Se existe um processo bem estruturado e objetivo de coleta e priorização de apostas e iniciativas, não existe razão pela qual não convidar toda a empresa pra participar. E quando esse processo funciona, todas as ideias são avaliadas a partir dos mesmos critérios e o resultado tende a ser uma lista bastante rica de apostas. No final das contas esse é o nosso objetivo como líderes de produto — e não o controle absoluto sobre o processo.
Pessoas de produto: precisamos falar mais sobre esse assunto
Tomar decisões é parte inerente sobre o que fazemos.
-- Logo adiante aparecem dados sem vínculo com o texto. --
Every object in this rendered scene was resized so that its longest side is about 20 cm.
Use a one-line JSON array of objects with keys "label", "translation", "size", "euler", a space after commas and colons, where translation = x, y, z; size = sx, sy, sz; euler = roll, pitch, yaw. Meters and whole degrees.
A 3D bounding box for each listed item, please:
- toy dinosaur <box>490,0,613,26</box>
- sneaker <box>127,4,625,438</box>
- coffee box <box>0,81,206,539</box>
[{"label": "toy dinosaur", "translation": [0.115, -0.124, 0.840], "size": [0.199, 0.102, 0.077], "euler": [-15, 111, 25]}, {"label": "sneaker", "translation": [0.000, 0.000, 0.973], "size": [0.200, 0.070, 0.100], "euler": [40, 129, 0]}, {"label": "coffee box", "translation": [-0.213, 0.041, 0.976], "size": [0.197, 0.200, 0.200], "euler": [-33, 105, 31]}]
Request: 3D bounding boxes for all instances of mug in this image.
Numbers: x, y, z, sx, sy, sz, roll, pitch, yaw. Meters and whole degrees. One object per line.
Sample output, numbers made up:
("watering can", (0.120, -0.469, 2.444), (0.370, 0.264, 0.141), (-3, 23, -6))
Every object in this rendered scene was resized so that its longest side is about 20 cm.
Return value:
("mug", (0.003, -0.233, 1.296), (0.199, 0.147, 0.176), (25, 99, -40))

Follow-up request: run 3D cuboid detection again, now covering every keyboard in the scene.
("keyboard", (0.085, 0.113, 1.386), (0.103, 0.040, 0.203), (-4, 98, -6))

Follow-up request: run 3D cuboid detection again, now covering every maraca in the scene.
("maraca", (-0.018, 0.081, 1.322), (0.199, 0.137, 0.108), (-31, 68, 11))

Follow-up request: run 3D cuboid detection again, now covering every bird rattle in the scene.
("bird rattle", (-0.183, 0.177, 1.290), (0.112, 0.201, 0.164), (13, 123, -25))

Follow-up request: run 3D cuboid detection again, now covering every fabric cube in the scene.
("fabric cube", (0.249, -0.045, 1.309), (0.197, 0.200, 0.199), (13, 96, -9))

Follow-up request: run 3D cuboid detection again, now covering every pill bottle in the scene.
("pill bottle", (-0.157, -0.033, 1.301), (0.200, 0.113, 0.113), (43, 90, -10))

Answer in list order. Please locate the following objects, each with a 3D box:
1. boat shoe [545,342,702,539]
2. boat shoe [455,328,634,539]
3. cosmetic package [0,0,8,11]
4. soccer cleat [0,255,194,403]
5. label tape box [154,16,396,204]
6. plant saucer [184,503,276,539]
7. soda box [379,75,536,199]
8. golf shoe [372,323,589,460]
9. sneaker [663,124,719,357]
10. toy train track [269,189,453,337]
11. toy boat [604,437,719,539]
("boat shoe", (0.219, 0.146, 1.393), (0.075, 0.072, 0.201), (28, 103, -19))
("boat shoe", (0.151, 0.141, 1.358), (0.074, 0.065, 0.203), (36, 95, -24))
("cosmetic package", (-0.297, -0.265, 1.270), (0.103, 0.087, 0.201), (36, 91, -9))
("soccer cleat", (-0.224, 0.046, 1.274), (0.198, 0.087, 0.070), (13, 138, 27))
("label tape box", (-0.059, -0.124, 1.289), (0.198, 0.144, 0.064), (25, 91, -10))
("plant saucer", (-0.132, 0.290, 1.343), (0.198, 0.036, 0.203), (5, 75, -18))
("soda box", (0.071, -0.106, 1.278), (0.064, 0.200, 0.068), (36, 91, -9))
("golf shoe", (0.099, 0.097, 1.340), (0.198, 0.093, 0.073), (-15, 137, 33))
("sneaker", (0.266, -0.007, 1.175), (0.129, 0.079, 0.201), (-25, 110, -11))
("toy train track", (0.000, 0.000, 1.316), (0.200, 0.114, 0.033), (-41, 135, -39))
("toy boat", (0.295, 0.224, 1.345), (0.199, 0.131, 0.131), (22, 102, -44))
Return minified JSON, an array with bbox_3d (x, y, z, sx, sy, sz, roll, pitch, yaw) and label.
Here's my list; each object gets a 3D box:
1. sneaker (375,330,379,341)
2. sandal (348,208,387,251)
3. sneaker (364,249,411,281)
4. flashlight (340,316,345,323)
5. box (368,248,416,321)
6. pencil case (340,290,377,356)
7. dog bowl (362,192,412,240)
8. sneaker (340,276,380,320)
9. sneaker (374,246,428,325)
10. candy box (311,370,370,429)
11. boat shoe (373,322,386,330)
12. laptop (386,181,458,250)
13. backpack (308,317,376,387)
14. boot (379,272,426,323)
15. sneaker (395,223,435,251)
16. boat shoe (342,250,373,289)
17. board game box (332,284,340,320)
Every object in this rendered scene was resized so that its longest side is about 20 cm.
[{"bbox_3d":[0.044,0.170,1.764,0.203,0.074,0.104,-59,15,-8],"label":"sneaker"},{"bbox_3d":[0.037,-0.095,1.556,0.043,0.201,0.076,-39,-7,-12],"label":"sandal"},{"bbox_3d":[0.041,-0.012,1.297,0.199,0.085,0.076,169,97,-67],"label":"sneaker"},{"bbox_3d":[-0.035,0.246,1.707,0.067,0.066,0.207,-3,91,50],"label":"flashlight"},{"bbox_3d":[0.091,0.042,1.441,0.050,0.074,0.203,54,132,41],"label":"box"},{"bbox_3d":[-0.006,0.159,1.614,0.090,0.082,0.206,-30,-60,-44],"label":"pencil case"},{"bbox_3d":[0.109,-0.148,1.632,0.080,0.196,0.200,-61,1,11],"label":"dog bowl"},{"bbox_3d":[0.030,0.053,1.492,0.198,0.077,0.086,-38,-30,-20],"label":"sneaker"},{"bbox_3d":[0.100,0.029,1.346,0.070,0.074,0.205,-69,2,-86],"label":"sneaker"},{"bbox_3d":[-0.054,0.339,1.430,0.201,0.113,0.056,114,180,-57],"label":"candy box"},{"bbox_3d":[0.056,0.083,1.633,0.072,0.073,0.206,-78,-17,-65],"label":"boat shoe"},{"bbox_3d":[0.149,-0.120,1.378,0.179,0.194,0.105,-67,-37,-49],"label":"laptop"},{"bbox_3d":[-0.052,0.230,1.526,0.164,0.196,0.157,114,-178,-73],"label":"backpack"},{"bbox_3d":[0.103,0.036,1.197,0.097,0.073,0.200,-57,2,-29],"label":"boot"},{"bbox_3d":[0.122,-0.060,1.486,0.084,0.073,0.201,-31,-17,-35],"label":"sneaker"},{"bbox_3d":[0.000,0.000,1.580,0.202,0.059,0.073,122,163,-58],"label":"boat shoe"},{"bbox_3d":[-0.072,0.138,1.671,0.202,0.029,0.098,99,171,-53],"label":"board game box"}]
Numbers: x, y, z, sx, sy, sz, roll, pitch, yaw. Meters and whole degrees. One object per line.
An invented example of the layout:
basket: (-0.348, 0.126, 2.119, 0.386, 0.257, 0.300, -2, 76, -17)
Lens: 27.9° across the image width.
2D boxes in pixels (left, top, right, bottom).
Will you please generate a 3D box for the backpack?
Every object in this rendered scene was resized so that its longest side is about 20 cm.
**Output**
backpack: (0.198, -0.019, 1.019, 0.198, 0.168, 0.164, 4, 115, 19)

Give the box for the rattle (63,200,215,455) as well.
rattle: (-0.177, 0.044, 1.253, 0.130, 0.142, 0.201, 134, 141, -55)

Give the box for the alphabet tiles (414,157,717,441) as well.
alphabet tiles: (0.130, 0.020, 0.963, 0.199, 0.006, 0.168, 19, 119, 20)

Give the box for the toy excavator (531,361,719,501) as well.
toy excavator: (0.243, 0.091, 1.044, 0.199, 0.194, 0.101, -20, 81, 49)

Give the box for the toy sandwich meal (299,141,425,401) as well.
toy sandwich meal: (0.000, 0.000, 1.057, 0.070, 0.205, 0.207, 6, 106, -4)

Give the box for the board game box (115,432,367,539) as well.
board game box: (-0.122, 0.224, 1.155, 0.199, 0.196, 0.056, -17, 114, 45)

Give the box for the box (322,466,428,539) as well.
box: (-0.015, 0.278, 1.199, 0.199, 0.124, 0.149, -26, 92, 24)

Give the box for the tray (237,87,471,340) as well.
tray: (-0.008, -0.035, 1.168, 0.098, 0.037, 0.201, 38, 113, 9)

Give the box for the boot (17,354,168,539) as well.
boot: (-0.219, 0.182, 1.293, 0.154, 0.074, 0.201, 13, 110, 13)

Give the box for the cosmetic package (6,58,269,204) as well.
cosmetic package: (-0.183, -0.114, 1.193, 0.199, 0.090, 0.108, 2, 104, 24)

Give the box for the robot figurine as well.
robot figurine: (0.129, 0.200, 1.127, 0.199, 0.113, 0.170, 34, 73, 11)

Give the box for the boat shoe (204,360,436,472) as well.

Entender a dinâmica e as variáveis envolvidas nesse que é um processo complexo [que também já foi pauta de outro texto] é essencial pra que a gente consiga ter mais controle e previsibilidade sobre o nosso trabalho — e atuar de maneira mais segura e responsável.
Provocar esse tipo de discussão, sobre algo que é tão importante pra nós, é — ou deveria ser — o que se espera de qualquer profissional nesse mercado com mais experiência e que pode contribuir refletindo ou reagindo.
É isso o que estamos tentando fazer aqui nesta newsletter, o tempo todo. Aumentar a simetria de informação entre pessoas de produto e demais partes interessadas dentro de uma empresa — tornando-as mais preparadas para a complexidade dos desafios existentes na criação e gestão de um produto digital.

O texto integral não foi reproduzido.